Database search. The -db2 option of cd-hit-2d is the query sequence and -db1 is the database. The equivalent in USEARCH is usearch_global. The uc output file can be used to identify query sequences that did not match the database (reported as N records).

cd-hit-454

454 reads

In cd-hit-454, additional clustering criteria include (1) the sequences must start at the same position, i.e. terminal gaps are not allowed at the left end of the alignment, and (2) gaps longer than one are not allowed. (1) can be implemented using the ‑leftjust or ‑idprefix accept options (‑idprefix is preferred for faster speed). (2) can be implemented by disallowing internal gap extensions (see alignment options). However, I believe (2) makes little difference in practice and is not worth the trouble.

cd-hit-est-2d

nucl.

See comments for cd-hit-2d.

cd-hit-otu

16S reads

Script for clustering 16S reads into OTUs. Use cluster_otus.

cd-hit-dup

nucl.

Dereplication.
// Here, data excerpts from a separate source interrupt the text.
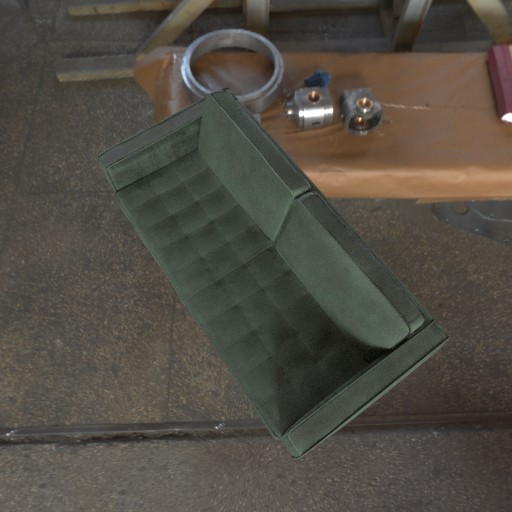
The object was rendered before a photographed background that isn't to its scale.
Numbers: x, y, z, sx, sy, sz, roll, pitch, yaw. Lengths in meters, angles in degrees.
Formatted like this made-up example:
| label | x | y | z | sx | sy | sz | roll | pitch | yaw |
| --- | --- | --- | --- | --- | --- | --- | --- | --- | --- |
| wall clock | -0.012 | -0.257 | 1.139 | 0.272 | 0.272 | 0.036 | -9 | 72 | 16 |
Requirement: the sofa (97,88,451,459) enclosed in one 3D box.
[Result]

Use derep_fulllength or derep_prefix.

Clustering threshold
The -c option of CD-HIT is roughly equivalent to the ‑id option of USEARCH. There are two important differences. USEARCH and CD-HIT use different definitions of identity. USEARCH counts gaps as differences, but CD-HIT sometimes does not. This means that CD-HIT assigns systematically higher identities to alignments containing gaps. In addition, CD-HIT has lower gap and mismatch penalties than other programs. This means that CD-HIT tends to produce "gappier" alignments with more match columns. This effect also produces systematically higher identities. The net result of these issues is that the CD-HIT clustering threshold is not directly comparable with USEARCH. For example, I would estimate that -c 0.95 is roughly comparable to ‑id 0.97 in USEARCH, but it should be noted that the differences cannot be compensated by a re-scaling of identity.
 
Alignment heuristics and banding
Both CD-HIT and USEARCH use fast heuristics to compute global alignments. However, there are important differences. Both programs use a technique called "banding" to limit the region of the dynamic programming matrix that is filled in,
but the strategies are quite different, and the ‑band option of USEARCH is not equivalent to the -b option of CD-HIT. In CD-HIT, the band spans the entire alignment. USEARCH starts by finding HSPs using an X-drop algorithm similar to BLAST. Banding is used only for regions between HSPs, and the band width is set dynamically according to the length difference of the aligned regions. The ‑band option of USEARCH sets a minimum radius of the band (width = radius x 2 + 1), while the CD-HIT -b option sets the maximum width of the band. The net result is that CD-HIT alignments are much more prone to banding artifacts.